## [ASSIGNMENT]
Return all the lines below exactly as written. Drop every picture.

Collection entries
=== Begin Enclosure ===

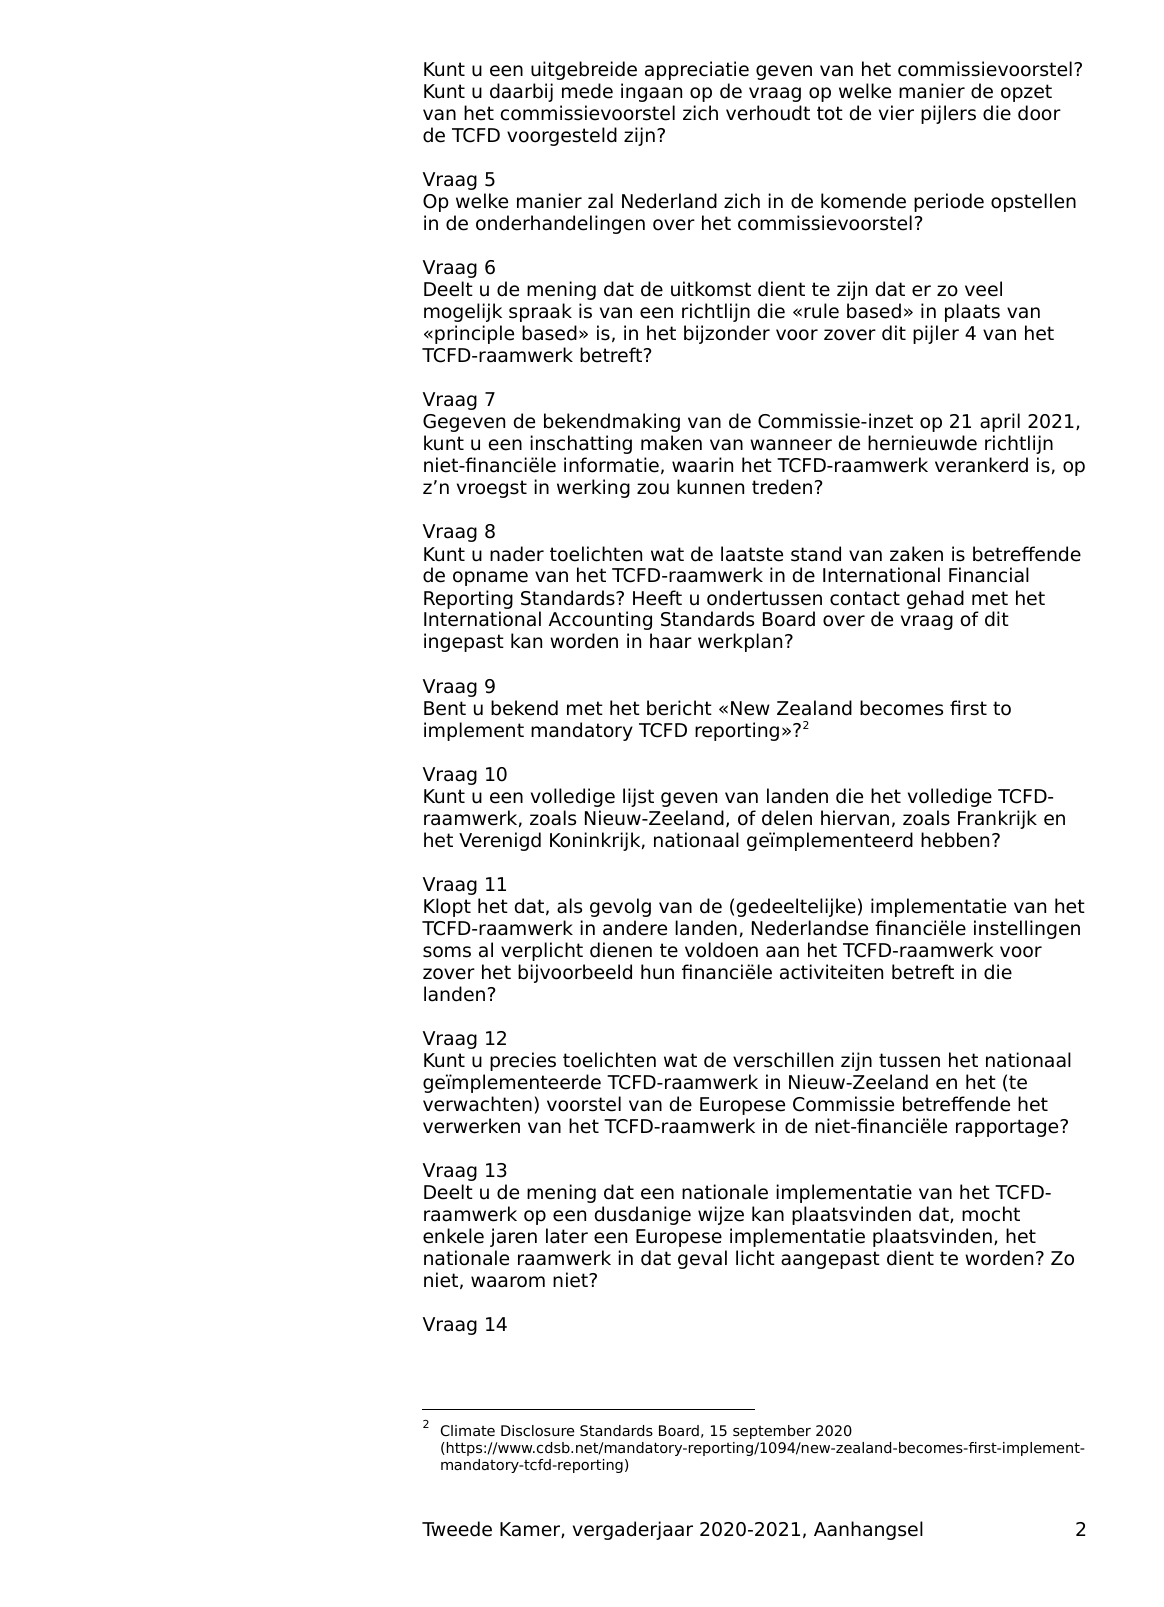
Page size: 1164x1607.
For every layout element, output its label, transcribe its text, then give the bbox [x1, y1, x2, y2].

text Vraag 10 [422, 764, 1087, 786]
text Climate Disclosure Standards Board, 15 september 2020 (https://www.cdsb.net/mandatory-reporting/1094/new-zealand-becomes-first-implement-mandatory-tcfd-reporting) [422, 1418, 1087, 1474]
text Vraag 12 [422, 1028, 1087, 1050]
text Vraag 11 [422, 874, 1087, 896]
text Vraag 6 [422, 257, 1087, 279]
text Kunt u een uitgebreide appreciatie geven van het commissievoorstel? Kunt u daarbij mede ingaan op de vraag op welke manier de opzet van het commissievoorstel zich verhoudt tot de vier pijlers die door de TCFD voorgesteld zijn? [422, 59, 1087, 147]
text Bent u bekend met het bericht «New Zealand becomes first to implement mandatory TCFD reporting»? [422, 697, 1087, 741]
text Vraag 13 [422, 1160, 1087, 1182]
text Vraag 14 [422, 1314, 1087, 1336]
text Vraag 9 [422, 676, 1087, 697]
text Vraag 5 [422, 169, 1087, 191]
text Klopt het dat, als gevolg van de (gedeeltelijke) implementatie van het TCFD-raamwerk in andere landen, Nederlandse financiële instellingen soms al verplicht dienen te voldoen aan het TCFD-raamwerk voor zover het bijvoorbeeld hun financiële activiteiten betreft in die landen? [422, 896, 1087, 1006]
text Kunt u nader toelichten wat de laatste stand van zaken is betreffende de opname van het TCFD-raamwerk in de International Financial Reporting Standards? Heeft u ondertussen contact gehad met het International Accounting Standards Board over de vraag of dit ingepast kan worden in haar werkplan? [422, 543, 1087, 653]
text Deelt u de mening dat de uitkomst dient te zijn dat er zo veel mogelijk spraak is van een richtlijn die «rule based» in plaats van «principle based» is, in het bijzonder voor zover dit pijler 4 van het TCFD-raamwerk betreft? [422, 279, 1087, 367]
text Vraag 7 [422, 389, 1087, 411]
text Vraag 8 [422, 521, 1087, 543]
text Deelt u de mening dat een nationale implementatie van het TCFD-raamwerk op een dusdanige wijze kan plaatsvinden dat, mocht enkele jaren later een Europese implementatie plaatsvinden, het nationale raamwerk in dat geval licht aangepast dient te worden? Zo niet, waarom niet? [422, 1182, 1087, 1292]
text Kunt u precies toelichten wat de verschillen zijn tussen het nationaal geïmplementeerde TCFD-raamwerk in Nieuw-Zeeland en het (te verwachten) voorstel van de Europese Commissie betreffende het verwerken van het TCFD-raamwerk in de niet-financiële rapportage? [422, 1050, 1087, 1138]
text Kunt u een volledige lijst geven van landen die het volledige TCFD-raamwerk, zoals Nieuw-Zeeland, of delen hiervan, zoals Frankrijk en het Verenigd Koninkrijk, nationaal geïmplementeerd hebben? [422, 786, 1087, 852]
text Op welke manier zal Nederland zich in de komende periode opstellen in de onderhandelingen over het commissievoorstel? [422, 191, 1087, 235]
text Gegeven de bekendmaking van de Commissie-inzet op 21 april 2021, kunt u een inschatting maken van wanneer de hernieuwde richtlijn niet-financiële informatie, waarin het TCFD-raamwerk verankerd is, op z’n vroegst in werking zou kunnen treden? [422, 411, 1087, 499]

=== End Enclosure ===

## [RESULT]
Page size: 1164x1607.
For every layout element, output its label, transcribe its text, then give the bbox [x1, y1, x2, y2].

text Vraag 10 [422, 764, 1087, 786]
text Climate Disclosure Standards Board, 15 september 2020 (https://www.cdsb.net/mandatory-reporting/1094/new-zealand-becomes-first-implement-mandatory-tcfd-reporting) [422, 1418, 1087, 1474]
text Vraag 12 [422, 1028, 1087, 1050]
text Vraag 11 [422, 874, 1087, 896]
text Vraag 6 [422, 257, 1087, 279]
text Kunt u een uitgebreide appreciatie geven van het commissievoorstel? Kunt u daarbij mede ingaan op de vraag op welke manier de opzet van het commissievoorstel zich verhoudt tot de vier pijlers die door de TCFD voorgesteld zijn? [422, 59, 1087, 147]
text Bent u bekend met het bericht «New Zealand becomes first to implement mandatory TCFD reporting»? [422, 697, 1087, 741]
text Vraag 13 [422, 1160, 1087, 1182]
text Vraag 14 [422, 1314, 1087, 1336]
text Vraag 9 [422, 676, 1087, 697]
text Vraag 5 [422, 169, 1087, 191]
text Klopt het dat, als gevolg van de (gedeeltelijke) implementatie van het TCFD-raamwerk in andere landen, Nederlandse financiële instellingen soms al verplicht dienen te voldoen aan het TCFD-raamwerk voor zover het bijvoorbeeld hun financiële activiteiten betreft in die landen? [422, 896, 1087, 1006]
text Kunt u nader toelichten wat de laatste stand van zaken is betreffende de opname van het TCFD-raamwerk in de International Financial Reporting Standards? Heeft u ondertussen contact gehad met het International Accounting Standards Board over de vraag of dit ingepast kan worden in haar werkplan? [422, 543, 1087, 653]
text Deelt u de mening dat de uitkomst dient te zijn dat er zo veel mogelijk spraak is van een richtlijn die «rule based» in plaats van «principle based» is, in het bijzonder voor zover dit pijler 4 van het TCFD-raamwerk betreft? [422, 279, 1087, 367]
text Vraag 7 [422, 389, 1087, 411]
text Vraag 8 [422, 521, 1087, 543]
text Deelt u de mening dat een nationale implementatie van het TCFD-raamwerk op een dusdanige wijze kan plaatsvinden dat, mocht enkele jaren later een Europese implementatie plaatsvinden, het nationale raamwerk in dat geval licht aangepast dient te worden? Zo niet, waarom niet? [422, 1182, 1087, 1292]
text Kunt u precies toelichten wat de verschillen zijn tussen het nationaal geïmplementeerde TCFD-raamwerk in Nieuw-Zeeland en het (te verwachten) voorstel van de Europese Commissie betreffende het verwerken van het TCFD-raamwerk in de niet-financiële rapportage? [422, 1050, 1087, 1138]
text Kunt u een volledige lijst geven van landen die het volledige TCFD-raamwerk, zoals Nieuw-Zeeland, of delen hiervan, zoals Frankrijk en het Verenigd Koninkrijk, nationaal geïmplementeerd hebben? [422, 786, 1087, 852]
text Op welke manier zal Nederland zich in de komende periode opstellen in de onderhandelingen over het commissievoorstel? [422, 191, 1087, 235]
text Gegeven de bekendmaking van de Commissie-inzet op 21 april 2021, kunt u een inschatting maken van wanneer de hernieuwde richtlijn niet-financiële informatie, waarin het TCFD-raamwerk verankerd is, op z’n vroegst in werking zou kunnen treden? [422, 411, 1087, 499]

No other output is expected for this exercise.